The major religious groups of the world were listed in 2012 as Christianity 33%, Islam 24%, Atheist/ Secular/Agnostic 16%, Hinduism 16%, Buddhism 7%, Folk religion (animism/polytheism) 5.9%.

We have looked at the God of the Bible in the previous section. Let us look at how the three categories of mindless mechanisms, impersonal consciousness and personal consciousness apply to the other major world beliefs.

God in Different Belief Systems

Islam holds to a belief in an infinite personal God. But when we compare Allah with the God of the Bible we find some major differences. Islam does not believe in a Trinity. Allah is strictly one person. He is complete in himself and has no need to relate to any other person. The Trinity means there are three persons with one essence. It means that interpersonal relationships are part of the nature of God. This means love, meaning, truth, communication, morality are all intrinsically part of God’s nature and eternally valuable.  But if God is one isolated person then anything relational is not part of God’s essential nature. Communication, love, moral behavior towards others has no ultimate value. They are dependent creations, which last only as long as Allah wills it.    

For Atheistic Materialism, Love, meaning, truth and morality are also illusions which our brains have constructed as an aid to evolutionary survival.

Atheistic Materialism is a straightforward belief that matter is all that exists. Everything is built on this. The complexity of life, impersonal consciousness and personal consciousness are all just expressions of matter reaching increasingly complex levels; usually through evolutionary pathways. We may think the person is something more than the biochemistry of the brain but we are deluded. The experience of a person is often described as an by-product (epiphenomenon) of matter—an illusion with no real independent existence. Love, meaning, truth and morality are also illusions which our brains have constructed as an aid to evolutionary survival.       

Eastern Religions

An internet search for the term ‘impersonal consciousness’ brings up a lot of Hindu, Buddhist and New Age articles and lectures. It is a term that describes a state of consciousness where the ‘self’ disappears and there is just a mind of awareness. This state is often experienced as involving a universal awareness of everything and of the self disappearing into a oneness with everything. It is generally reached through various meditation techniques, which involve making the ‘self’ inactive in the mind. The workings of the mind are just experienced passively.  What is going on here?

From a scientific point of view there are psychological states where the boundary between self and non-self seem to disappear. These states can be brought on by drugs such as LSD and by various meditation techniques. However this is not how Hinduism and Buddhism understand these experiences. For these worldviews they are not some physiological aberration of the mind. They are experiences of the true nature of ultimate reality.

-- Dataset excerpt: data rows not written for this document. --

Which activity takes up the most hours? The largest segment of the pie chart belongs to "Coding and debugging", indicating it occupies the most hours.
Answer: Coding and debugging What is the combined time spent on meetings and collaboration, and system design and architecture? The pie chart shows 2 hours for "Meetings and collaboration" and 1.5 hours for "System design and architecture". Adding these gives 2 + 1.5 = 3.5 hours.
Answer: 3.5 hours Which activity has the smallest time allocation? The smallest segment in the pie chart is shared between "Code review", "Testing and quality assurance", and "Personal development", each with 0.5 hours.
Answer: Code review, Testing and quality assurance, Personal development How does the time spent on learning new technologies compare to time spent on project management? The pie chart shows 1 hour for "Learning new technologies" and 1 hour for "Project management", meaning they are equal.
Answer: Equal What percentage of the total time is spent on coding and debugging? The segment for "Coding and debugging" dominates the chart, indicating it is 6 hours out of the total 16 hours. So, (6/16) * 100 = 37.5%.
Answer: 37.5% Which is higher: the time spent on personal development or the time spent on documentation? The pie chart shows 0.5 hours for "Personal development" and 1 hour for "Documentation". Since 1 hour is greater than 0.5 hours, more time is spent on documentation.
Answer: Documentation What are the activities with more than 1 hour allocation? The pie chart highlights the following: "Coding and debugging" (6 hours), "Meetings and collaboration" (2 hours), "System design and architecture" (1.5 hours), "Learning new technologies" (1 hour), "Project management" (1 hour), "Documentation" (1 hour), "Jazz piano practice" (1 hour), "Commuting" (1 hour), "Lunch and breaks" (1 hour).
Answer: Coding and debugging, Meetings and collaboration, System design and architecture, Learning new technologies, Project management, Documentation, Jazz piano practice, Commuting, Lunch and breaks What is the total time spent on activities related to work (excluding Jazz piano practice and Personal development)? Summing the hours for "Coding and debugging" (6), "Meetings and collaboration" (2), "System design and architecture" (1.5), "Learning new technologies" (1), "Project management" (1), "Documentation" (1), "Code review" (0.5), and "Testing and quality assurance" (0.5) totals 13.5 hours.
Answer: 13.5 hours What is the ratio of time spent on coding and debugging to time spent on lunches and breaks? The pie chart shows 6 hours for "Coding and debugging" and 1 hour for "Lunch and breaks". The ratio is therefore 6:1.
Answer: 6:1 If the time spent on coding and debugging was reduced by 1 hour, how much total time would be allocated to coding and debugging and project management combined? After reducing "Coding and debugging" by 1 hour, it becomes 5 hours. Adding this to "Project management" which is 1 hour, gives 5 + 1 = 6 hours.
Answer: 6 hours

These states can be brought on by drugs such as LSD. But, for Hinduism and Buddhism these are not some physiological aberration of the mind. They are experiences of the true nature of ultimate reality.

In classical Hinduism (Advaita Vedanta) the Brahman is the ultimate reality. Everything that we observe is really part of this ultimate reality.  Individual things look as if they are different from each other but that is an illusion. A table and a glass of water are really the same thing. Everything is really one. This includes not only the material world but also the individual self.  Our awareness of the individual self is an illusion we need to escape if we want to know reality. Escape from the individual self is often illustrated with a drop of water merging with the ocean. The drop still exists but its individuality is lost.

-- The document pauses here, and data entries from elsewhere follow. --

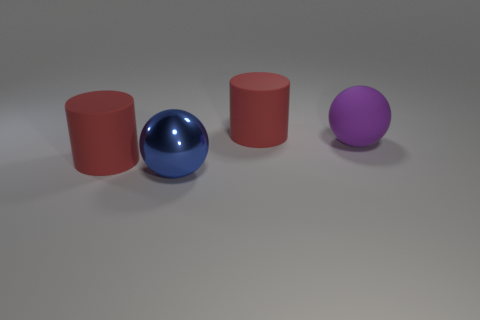Subtract all red cylinders. How many were subtracted if there are1red cylinders left? 1 Add 4 purple cylinders. How many objects exist? 8 Add 1 matte balls. How many matte balls are left? 2 Add 4 big red cylinders. How many big red cylinders exist? 6 Subtract 0 cyan cubes. How many objects are left? 4 Subtract all tiny purple matte spheres. Subtract all cylinders. How many objects are left? 2 
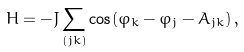<formula> <loc_0><loc_0><loc_500><loc_500>H = - J \sum _ { ( j k ) } \cos ( \varphi _ { k } - \varphi _ { j } - A _ { j k } ) \, ,</formula> 
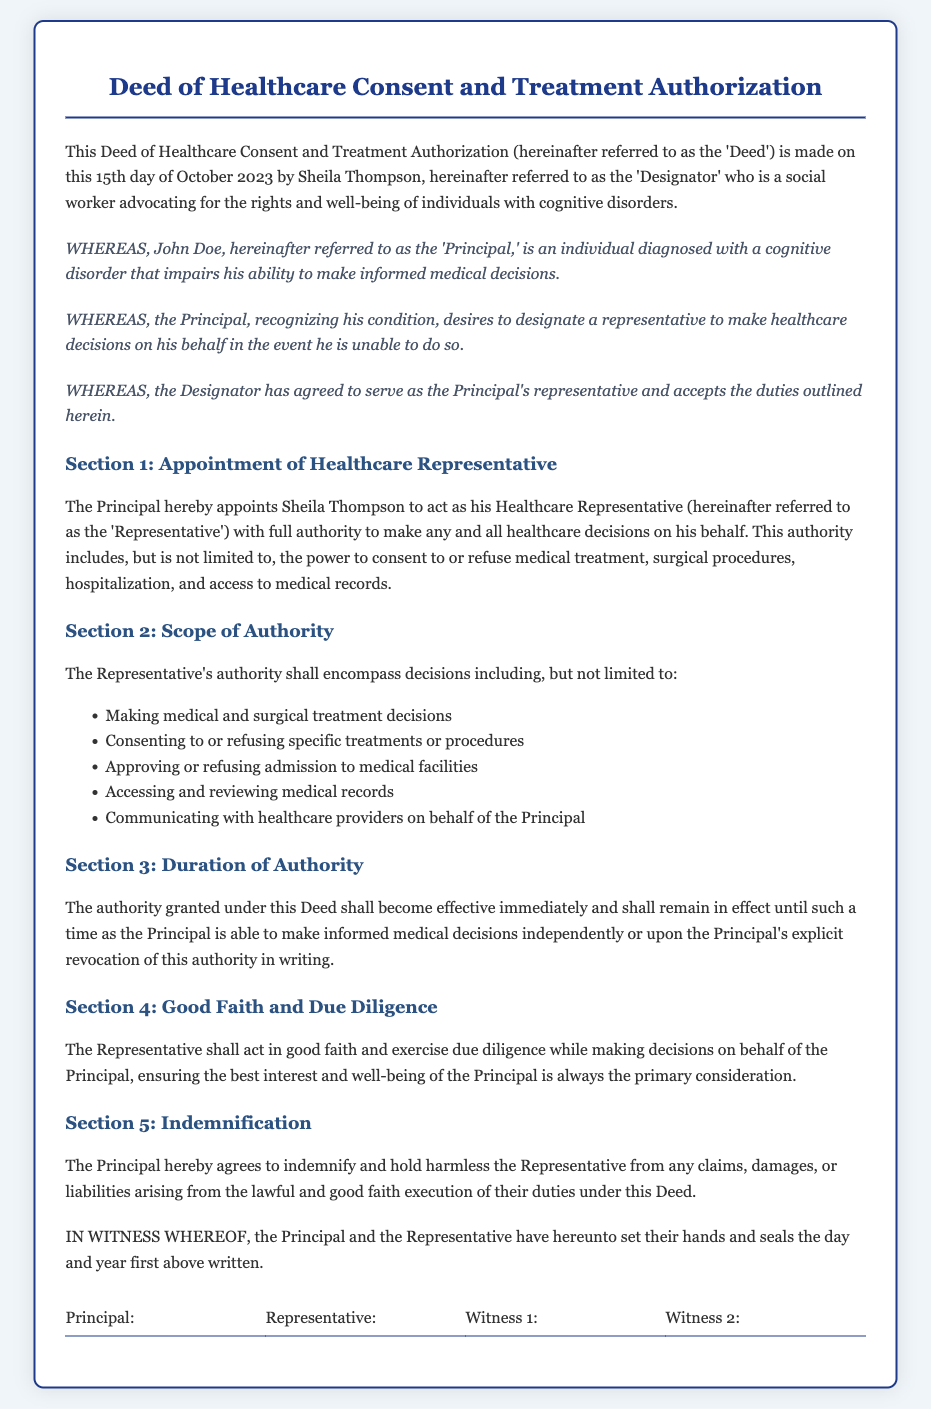what is the name of the Designator? The Designator is the person who creates the Deed, named in the document.
Answer: Sheila Thompson who is referred to as the Principal? The Principal is the individual who is receiving the healthcare consent and treatment authorization.
Answer: John Doe when was the Deed made? The date on which the Deed was created, which is provided in the document.
Answer: 15th day of October 2023 what is the scope of authority granted to the Representative? The scope of authority refers to the powers given to the Representative as detailed in the document.
Answer: Making healthcare decisions how long will the authority granted in this Deed remain effective? This pertains to the duration of the authority granted to the Representative as outlined in the Deed.
Answer: Until the Principal can make informed decisions what must the Representative ensure while making decisions? This outlines the expected conduct and guiding principle for the Representative in their decision-making process.
Answer: Best interest of the Principal what type of indemnity is provided in the Deed? This relates to the protection offered to the Representative from claims arising from their actions under the Deed.
Answer: Indemnify and hold harmless what is required for the Principal to revoke the authority granted? This question pertains to the process the Principal must follow to rescind the authority given in the Deed.
Answer: Explicit revocation in writing

This state is described as a state of universal conscious bliss found by merging the atman (personal self) with the Brahman (the Ultimate). However it is something experienced rather than described. Normal categories that describe real differences between things, do not apply here because there’s no personal ‘self’ that can interact with the world or make judgments about it. It is a state of impersonal consciousness where the individual self and all other categories have disappeared. Usually it is described as a blissful impersonal universal consciousness: beyond self and beyond good and evil.

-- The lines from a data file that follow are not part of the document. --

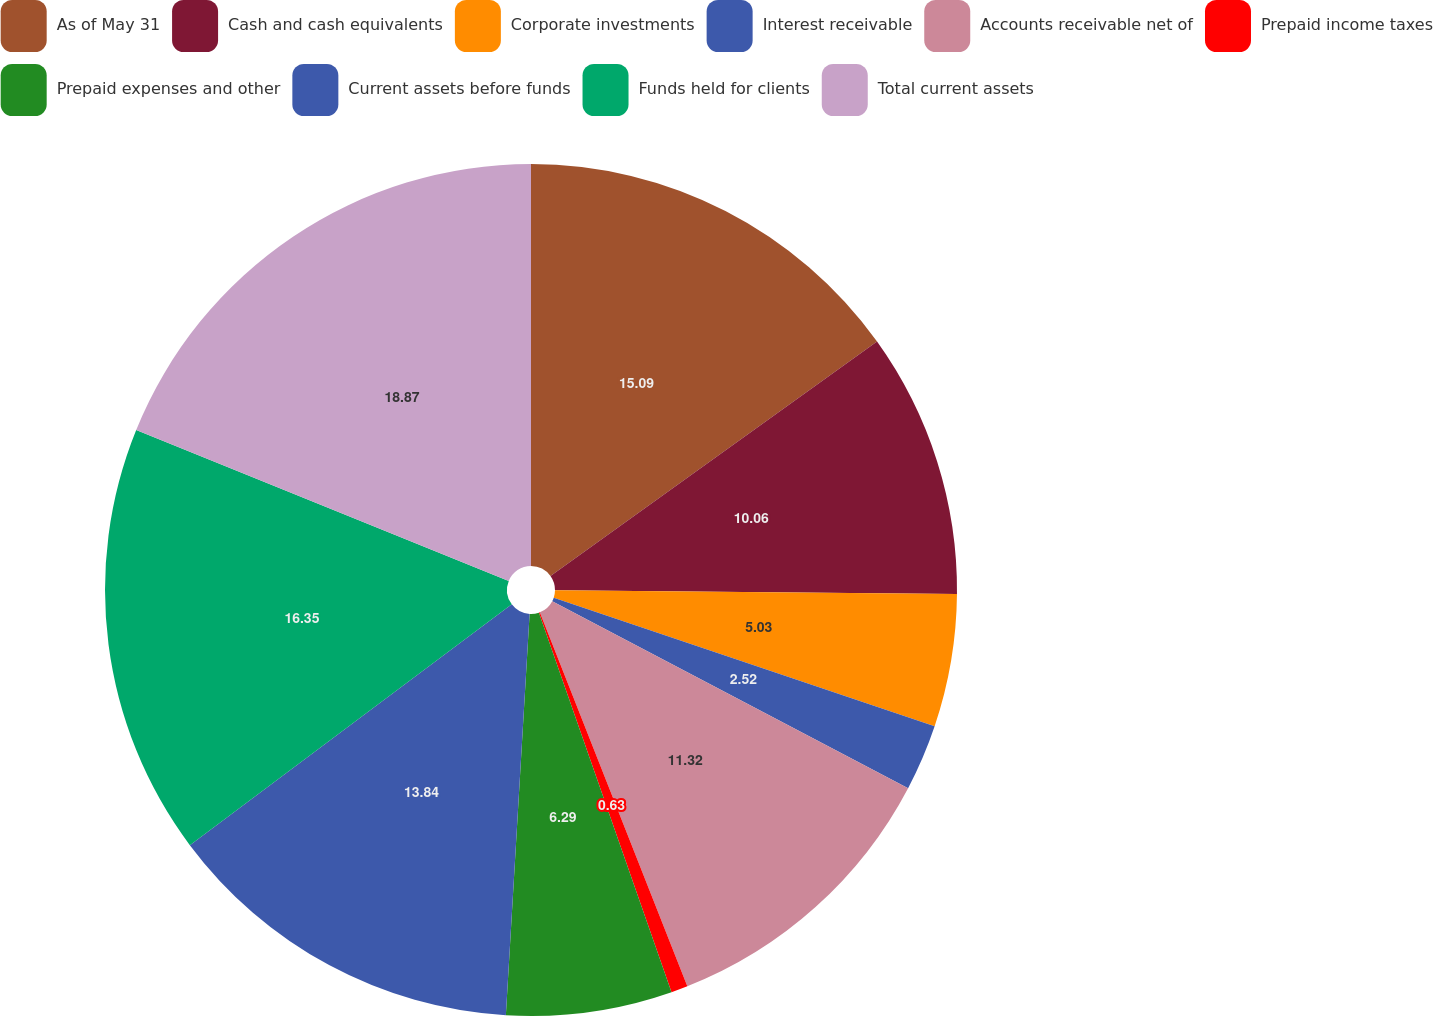<chart> <loc_0><loc_0><loc_500><loc_500><pie_chart><fcel>As of May 31<fcel>Cash and cash equivalents<fcel>Corporate investments<fcel>Interest receivable<fcel>Accounts receivable net of<fcel>Prepaid income taxes<fcel>Prepaid expenses and other<fcel>Current assets before funds<fcel>Funds held for clients<fcel>Total current assets<nl><fcel>15.09%<fcel>10.06%<fcel>5.03%<fcel>2.52%<fcel>11.32%<fcel>0.63%<fcel>6.29%<fcel>13.84%<fcel>16.35%<fcel>18.87%<nl></chart> 
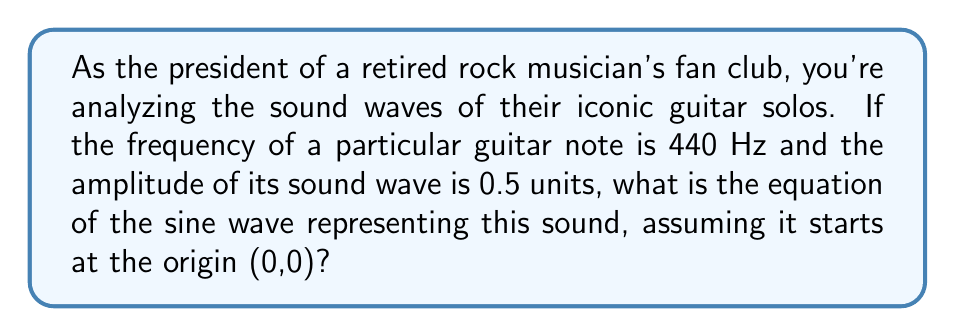Show me your answer to this math problem. Let's approach this step-by-step:

1) The general equation for a sine wave is:

   $$y = A \sin(2\pi ft + \phi)$$

   Where:
   $A$ = amplitude
   $f$ = frequency
   $t$ = time
   $\phi$ = phase shift

2) We're given:
   Amplitude ($A$) = 0.5 units
   Frequency ($f$) = 440 Hz

3) Since the wave starts at the origin (0,0), there's no phase shift, so $\phi = 0$.

4) Substituting these values into our equation:

   $$y = 0.5 \sin(2\pi(440)t)$$

5) Simplify the constant inside the parentheses:

   $$y = 0.5 \sin(880\pi t)$$

This is our final equation representing the sound wave of the guitar note.
Answer: $y = 0.5 \sin(880\pi t)$

Buddhism is very direct about the non existence of a personal self. It holds that people are made up of five aggregates (or skandhas). These are five different types of particle. One of the types of particle is physical and roughly corresponds to the atoms of our material world. The other four types of particle would correspond to, what non Buddhists would call, descriptions of different functions of the mind. So these could roughly be described as: consciousness particles, knowing particles, feeling particles and choosing particles. (These descriptions can vary somewhat from teacher to teacher.)

Notice that the self is not one of these particles. The “self” is only an illusion produced by these aggregates working together. Worse than this, it is our grasping onto this illusion of self that causes all our sufferings. If we can get rid of that illusion we will end up with no suffering. In Therevada Buddhism (practised in southern and south-east Asia), the illusion of self is completely destroyed from its apparent existence when a person reaches enlightenment (Nirvana).  In Mahayana Buddhism enlightenment leads to a Buddha mind (or Buddha nature) that streams on for eternity—a state of universal awareness and blissful impersonal consciousness. The illusion of self has been done away with.

Turning into Animals

But, from the framework we explored in the last post, what’s really being described here is animal consciousness. Animals experience finite impersonal consciousness, Hinduism and (Mahayana) Buddhism look forward to infinite impersonal consciousness. The ultimate mind of the Brahman or Buddha is less personal even than we are.

This might remind us of Romans 1, where Paul talks about people turning from the true God and worshipping images of animals. Or it might make us think of Exodus 32 where Aaron makes a calf-idol that distorts and limits who God is. In these examples, people are worshipping and trying to conform their lives to an infinite animal rather than the God who has an infinite personal mind. And, as the Bible warns, we become like the idols we worship (e.g. Ps 115:8; Is 44:18). 

Paganism

Polytheistic and Animistic religions believe in many personal gods and spirits. However these gods and spirits are rarely the ultimate source or cause of everything. Many tribal religions have an ultimate personal Sky God—a distant and difficult to contact deity (which might be a cultural memory of the true God). Greek polytheism featured a materialistic ‘chaos’ or void, which produced the gods. Popular Hinduism and Buddhism are generally syncretised with polytheistic and animistic beliefs. For many people in these cultures, daily living is dominated by fear and placation of spirits and gods, while those with more education pursue Hinduism or Buddhism to a greater depth. The same can be said about Christianity in some countries where local animism and superstition has been absorbed into local forms of Christianity.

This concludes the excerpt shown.